Cette semaine nous a donné droit à un «Bébé Web» à l'américaine. Selon toutes vraisemblances, Ron Harris a embobiné la quasi-totalité de la presse américaine avec son site Ron's Angels où il prétend vendre aux enchères des ovules de mannequins.

À l'origine, huit mannequins devaient être disponibles. Malheureusement pour Ron Harris, cinq d'entre elles ont dû se désister. D'après la version officielle, ces cinq demoiselles ont abandonné le projet devant le tollé de protestation soulevé par la publication du projet dans les médias.

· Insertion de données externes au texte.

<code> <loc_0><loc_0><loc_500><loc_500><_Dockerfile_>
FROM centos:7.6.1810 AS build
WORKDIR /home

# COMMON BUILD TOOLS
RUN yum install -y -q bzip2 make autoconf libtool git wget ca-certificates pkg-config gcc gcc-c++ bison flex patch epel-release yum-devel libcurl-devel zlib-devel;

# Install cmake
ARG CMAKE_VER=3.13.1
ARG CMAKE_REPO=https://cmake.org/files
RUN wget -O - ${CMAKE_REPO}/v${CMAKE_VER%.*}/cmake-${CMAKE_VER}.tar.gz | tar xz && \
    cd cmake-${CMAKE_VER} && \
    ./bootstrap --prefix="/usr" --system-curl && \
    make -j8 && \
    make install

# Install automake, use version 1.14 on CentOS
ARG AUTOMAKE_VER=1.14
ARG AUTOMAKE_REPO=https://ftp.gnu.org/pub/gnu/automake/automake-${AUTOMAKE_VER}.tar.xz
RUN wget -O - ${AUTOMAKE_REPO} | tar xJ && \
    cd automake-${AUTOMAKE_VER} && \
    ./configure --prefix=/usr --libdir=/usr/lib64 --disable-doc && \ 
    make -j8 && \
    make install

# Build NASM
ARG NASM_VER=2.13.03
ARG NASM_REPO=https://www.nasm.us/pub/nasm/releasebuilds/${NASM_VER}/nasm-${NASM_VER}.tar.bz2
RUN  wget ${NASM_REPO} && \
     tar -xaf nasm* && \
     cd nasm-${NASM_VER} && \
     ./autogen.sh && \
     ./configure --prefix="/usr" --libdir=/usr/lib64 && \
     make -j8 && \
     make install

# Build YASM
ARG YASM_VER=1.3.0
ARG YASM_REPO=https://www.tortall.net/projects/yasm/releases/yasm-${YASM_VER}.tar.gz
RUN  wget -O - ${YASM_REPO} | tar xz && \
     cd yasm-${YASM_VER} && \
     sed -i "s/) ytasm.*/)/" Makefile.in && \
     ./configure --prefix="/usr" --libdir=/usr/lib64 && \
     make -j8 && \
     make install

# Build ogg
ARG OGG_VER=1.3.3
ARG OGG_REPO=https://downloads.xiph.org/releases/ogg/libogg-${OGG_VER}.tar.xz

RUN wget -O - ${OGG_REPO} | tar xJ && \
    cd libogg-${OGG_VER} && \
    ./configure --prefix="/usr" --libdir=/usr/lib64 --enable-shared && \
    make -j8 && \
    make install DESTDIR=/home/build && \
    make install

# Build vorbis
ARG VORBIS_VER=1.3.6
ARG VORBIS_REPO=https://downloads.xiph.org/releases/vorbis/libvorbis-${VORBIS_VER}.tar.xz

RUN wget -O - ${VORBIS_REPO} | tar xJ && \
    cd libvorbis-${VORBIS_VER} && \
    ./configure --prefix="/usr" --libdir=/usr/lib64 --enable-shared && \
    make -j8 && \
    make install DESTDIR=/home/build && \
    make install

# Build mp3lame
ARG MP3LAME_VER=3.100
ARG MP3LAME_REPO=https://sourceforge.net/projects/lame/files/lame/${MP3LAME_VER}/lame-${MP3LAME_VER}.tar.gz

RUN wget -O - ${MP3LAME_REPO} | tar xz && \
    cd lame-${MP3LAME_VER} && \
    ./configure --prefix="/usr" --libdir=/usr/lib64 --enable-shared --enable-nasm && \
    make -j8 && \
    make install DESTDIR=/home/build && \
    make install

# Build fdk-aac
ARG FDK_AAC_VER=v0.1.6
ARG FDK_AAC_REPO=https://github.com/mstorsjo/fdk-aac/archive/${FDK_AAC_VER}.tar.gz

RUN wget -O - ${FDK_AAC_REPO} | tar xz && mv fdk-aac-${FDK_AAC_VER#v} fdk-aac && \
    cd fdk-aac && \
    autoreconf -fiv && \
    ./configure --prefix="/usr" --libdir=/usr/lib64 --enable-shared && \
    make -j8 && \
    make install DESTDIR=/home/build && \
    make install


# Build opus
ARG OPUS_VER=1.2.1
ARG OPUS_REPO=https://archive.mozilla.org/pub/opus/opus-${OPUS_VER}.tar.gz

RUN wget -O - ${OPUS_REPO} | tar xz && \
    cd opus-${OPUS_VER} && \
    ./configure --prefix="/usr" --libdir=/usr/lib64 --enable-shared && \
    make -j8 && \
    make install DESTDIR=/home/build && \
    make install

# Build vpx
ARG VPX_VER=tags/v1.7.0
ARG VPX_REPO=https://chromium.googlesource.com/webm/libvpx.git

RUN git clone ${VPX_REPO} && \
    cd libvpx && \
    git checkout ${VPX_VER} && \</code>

Selon Clay Shirky, un professeur en nouveaux médias au Hunter College, qui a pris la peine de s'abonner (au coût de 24,95$ US) à Ron's Angels pour en avoir le coeur net, les cinq «mannequins» étaient trop facilement reconnaissables. Celles-ci ont toutes posé pour un autre site de Ron Harris, au nom un peu plus explicite cette fois: www.eroticboxoffice.com. Ron Harris est aussi propriétaire du site sweet18.com.

Pour Clay Shirky, tout ce à quoi donne accès l'abonnement est une photo du visage des trois «mannequins» et à une description de détails aussi cruciaux que la grandeur de leur brassière et leur statut civil. Il n'y aurait pas de formulaire permettant de placer une mise, pas plus qu'il n'y a de logiciel ou de script permettant de le faire. Pour placer une enchère, il faut lire les petits caractères au bas de la page et y trouver ceci: «To bid: Please email us at cs@ronsangels.com» («Pour miser: envoyez un courriel à cs@ronsangels.com»). Shirky dit avoir envoyé plusieurs mises à partir de différentes adresses de courriel et n'avoir rien reçu.

«Le site a réussi a recevoir de la publicité gratuite du New York Times, de USA Today, de Reuters et de la radio publique nationale et de quelques autres en appuyant sur tous les bons boutons: on y parlait de sexe, du Web, et ça permettait aux gentils garçons de s'exprimer en disant à quel point ils étaient outrés, à quel point c'était inapproprié, etc.», explique Clay Shirky.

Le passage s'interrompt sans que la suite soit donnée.